How new research is driving down costs of intelligence
In an earlier piece, we already predicted that Open Source(OS) and the commoditization of AI would be a significant trend for this year. Since the landscape is rapidly evolving and proving pivotal for startups, we want to provide an overview of what happened recently and why it is crucial. Open Source is essential for companies who want to apply AI because it allows them to build their products independent of proprietary solutions. So far, however, OS models have been lagging behind in capabilities compared to models like GPT-4. A further difficulty for startups and SMEs has been the computing costs of fine-tuning and hosting an LLM. Both of these problems might become easier to solve than many people thought, as new research shows us how to get more capable OS models with less computing.

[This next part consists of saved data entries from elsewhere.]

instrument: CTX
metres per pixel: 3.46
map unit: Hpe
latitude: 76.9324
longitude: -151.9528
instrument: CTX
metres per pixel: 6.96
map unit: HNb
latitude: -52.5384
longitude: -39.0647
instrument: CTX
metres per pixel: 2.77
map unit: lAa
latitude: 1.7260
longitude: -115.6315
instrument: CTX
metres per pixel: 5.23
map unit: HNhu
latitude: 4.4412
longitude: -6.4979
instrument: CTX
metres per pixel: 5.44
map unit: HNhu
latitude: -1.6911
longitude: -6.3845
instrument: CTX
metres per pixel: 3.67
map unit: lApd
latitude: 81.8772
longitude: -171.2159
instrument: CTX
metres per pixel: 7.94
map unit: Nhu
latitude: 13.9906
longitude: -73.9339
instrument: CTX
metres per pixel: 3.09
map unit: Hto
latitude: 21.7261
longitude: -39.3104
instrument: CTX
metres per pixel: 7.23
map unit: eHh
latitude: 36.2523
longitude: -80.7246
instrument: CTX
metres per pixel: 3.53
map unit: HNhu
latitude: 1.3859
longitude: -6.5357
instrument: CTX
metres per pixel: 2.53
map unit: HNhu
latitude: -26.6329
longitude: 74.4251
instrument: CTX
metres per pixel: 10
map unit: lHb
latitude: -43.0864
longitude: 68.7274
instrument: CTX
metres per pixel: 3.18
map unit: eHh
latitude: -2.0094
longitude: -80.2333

Microsoft surprises with a 13bn parameter model that shows capabilities similar to GPT-4
On June 5, Microsoft Research published a report on Orca, a 13bn parameter open-source model that is more than just another LLM with a fun animal name. The model shows benchmark performances comparable to GPT-4, despite being orders of magnitude smaller and not having been trained on the same data. The model instead has been trained to imitate GPT-4. As the authors state: "Orca learns from rich signals from GPT-4 including explanation traces; step-by-step thought processes; and other complex instructions, guided by teacher assistance from ChatGPT."

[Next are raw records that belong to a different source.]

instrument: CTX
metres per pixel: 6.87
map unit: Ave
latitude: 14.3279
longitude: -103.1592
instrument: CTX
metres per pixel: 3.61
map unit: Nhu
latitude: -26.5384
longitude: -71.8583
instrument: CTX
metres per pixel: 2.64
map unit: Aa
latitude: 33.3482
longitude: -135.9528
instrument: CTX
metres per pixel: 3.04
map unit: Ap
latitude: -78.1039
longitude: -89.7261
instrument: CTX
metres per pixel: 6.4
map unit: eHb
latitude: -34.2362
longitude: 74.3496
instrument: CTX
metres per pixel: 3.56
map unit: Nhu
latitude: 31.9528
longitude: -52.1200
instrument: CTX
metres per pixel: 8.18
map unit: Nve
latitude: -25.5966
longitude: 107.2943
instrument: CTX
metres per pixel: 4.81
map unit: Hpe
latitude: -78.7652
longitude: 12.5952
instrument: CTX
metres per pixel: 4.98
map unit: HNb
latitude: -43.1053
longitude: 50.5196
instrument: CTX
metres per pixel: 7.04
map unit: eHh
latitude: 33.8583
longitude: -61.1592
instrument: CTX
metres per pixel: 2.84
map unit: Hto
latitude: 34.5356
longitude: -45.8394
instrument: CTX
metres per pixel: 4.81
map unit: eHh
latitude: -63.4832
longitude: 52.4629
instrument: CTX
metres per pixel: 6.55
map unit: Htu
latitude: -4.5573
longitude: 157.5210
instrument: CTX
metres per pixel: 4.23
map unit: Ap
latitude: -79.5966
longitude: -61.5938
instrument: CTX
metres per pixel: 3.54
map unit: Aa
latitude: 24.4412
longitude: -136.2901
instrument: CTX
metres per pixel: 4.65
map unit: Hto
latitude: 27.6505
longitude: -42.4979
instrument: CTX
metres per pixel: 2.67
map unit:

To understand how much of a breakthrough this was, one must recognize that merely two weeks earlier, a paper had been published arguing that imitating proprietary models (like GPT-4) was not possible. In the now outdated paper, the authors concluded: "... model imitation is a false promise: there exists a substantial capabilities gap between open and closed LMs that, with current methods, can only be bridged using an unwieldy amount of imitation data or by using more capable base LMs." The fact that this statement has already been proven wrong is an impressive demonstration of how fast knowledge is progressing in this field. This new development unlocks new possibilities for Entrepreneurs.
New Paper shows a way for near-lossless compression of LLMs
Compressing an LLM enables you to run it with much less compute and on much smaller devices. The fact that this paper demonstrates a way to do these compressions without a significant loss of quality should again make small companies hopeful. It might enable an extensive array of new products. The paper itself paints an impressive picture of the potential of this advancement: "This makes it possible to run 33B parameter LLM on a single 24 GB consumer GPU without any performance degradation at 15% speedup, thus making powerful LLMs available to consumers without any downsides." This development, again, is important news from a startup perspective because it makes LLMs much more accessible even with low amounts of compute.

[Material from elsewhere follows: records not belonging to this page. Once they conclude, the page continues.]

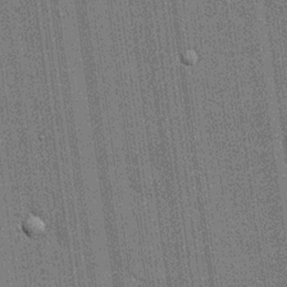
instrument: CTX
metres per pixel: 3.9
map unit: lHvf
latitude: 19.8394
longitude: 142.7463
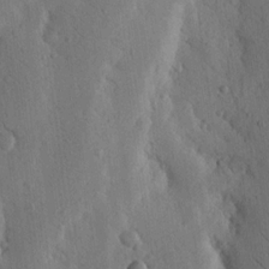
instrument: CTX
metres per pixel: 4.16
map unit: Nhu
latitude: 15.6694
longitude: -78.2712
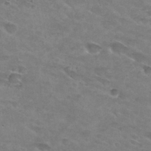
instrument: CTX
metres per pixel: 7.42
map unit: Hto
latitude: 29.9528
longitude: -46.5924
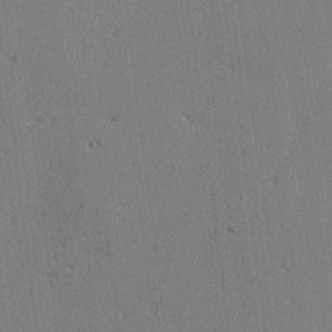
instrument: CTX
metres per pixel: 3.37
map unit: lAvf
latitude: -2.1794
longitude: -108.8947
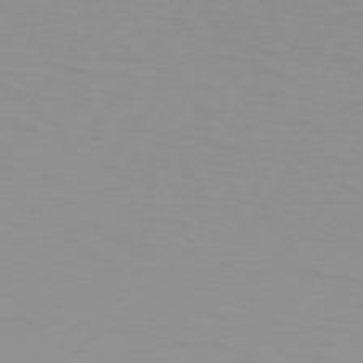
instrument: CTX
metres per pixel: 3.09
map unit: Hpe
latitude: 75.8394
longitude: -125.2725
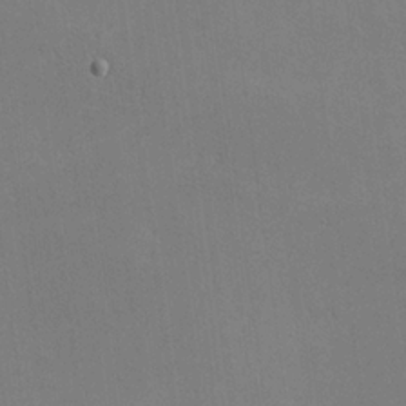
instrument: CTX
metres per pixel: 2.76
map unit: lHvf
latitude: -11.3321
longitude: -102.1011
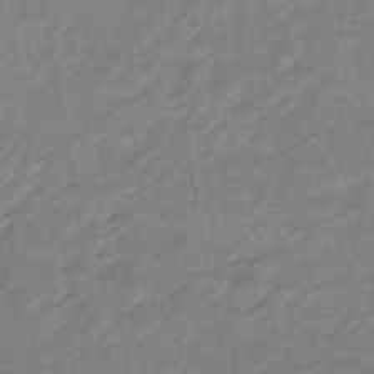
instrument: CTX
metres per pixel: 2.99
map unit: HNhu
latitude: -46.8219
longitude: 92.8975
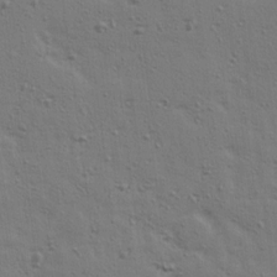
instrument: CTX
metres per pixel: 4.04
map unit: Ave
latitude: 14.8758
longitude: -105.9717
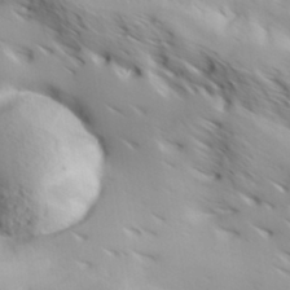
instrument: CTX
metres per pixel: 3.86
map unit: Hve
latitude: 32.0633
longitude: 148.7275
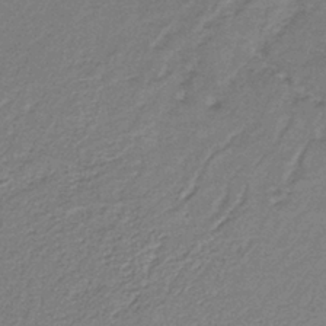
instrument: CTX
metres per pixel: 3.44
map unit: eAb
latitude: -38.8219
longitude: 51.4265
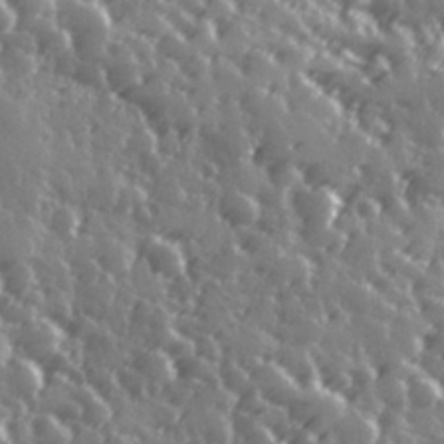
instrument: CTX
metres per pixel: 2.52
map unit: Hve
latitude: 27.6127
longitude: 146.9164
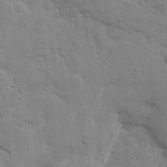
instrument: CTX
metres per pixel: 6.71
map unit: eHh
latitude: 9.1781
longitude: -67.0458
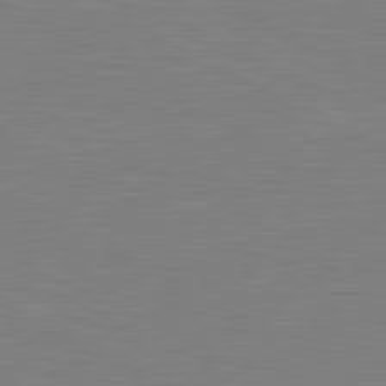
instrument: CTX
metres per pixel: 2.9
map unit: lApd
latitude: 81.0458
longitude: -169.2915
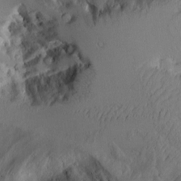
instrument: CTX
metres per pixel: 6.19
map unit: Aa
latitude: 10.1767
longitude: -126.2523
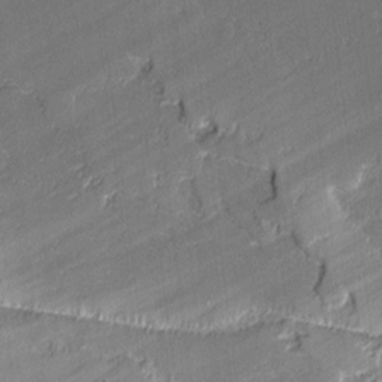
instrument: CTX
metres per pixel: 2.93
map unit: lAvf
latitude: -1.5966
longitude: -108.7624
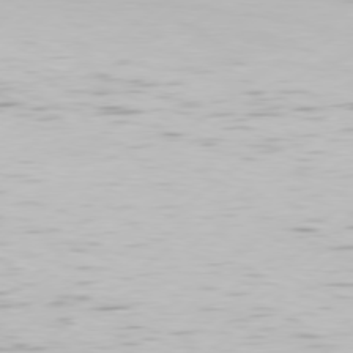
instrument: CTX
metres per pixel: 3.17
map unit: Hpe
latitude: 77.5182
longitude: -130.2523
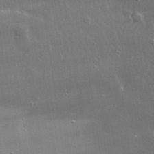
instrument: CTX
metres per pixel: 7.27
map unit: lHvf
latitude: 31.8962
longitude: -89.3671
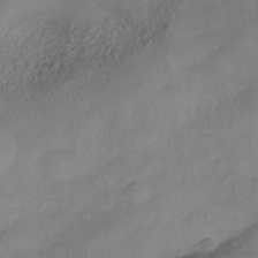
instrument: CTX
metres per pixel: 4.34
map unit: Nhe
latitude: -38.2740
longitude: -146.8947
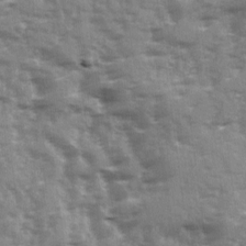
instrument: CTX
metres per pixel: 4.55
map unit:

Inverse scaling laws show that bigger is not always better
For a long time, it seemed that larger models would always be more capable due to the scaling laws of LLMs, and whoever could effort the most extensive amounts of computing would also have the highest-performing models. This tendency might have resulted in a massive power shift toward Big Tech, creating a "winner takes it all"-situation in AI. A new paper, however, shows that LLMs, in many ways, get worse with scale. The authors state:
"Our tasks have helped drive the discovery of U-shaped and inverted-U scaling trends, where an initial trend reverses, suggesting that scaling trends are less reliable at predicting the behaviour of larger-scale models than previously understood. Overall, our results suggest that there are tasks for which increased model scale alone may not lead to progress and that more careful thought needs to go into the data and objectives for training language models."
For startups and SMEs, this shows that there is much more room for small players to compete with products that come out of Big Tech.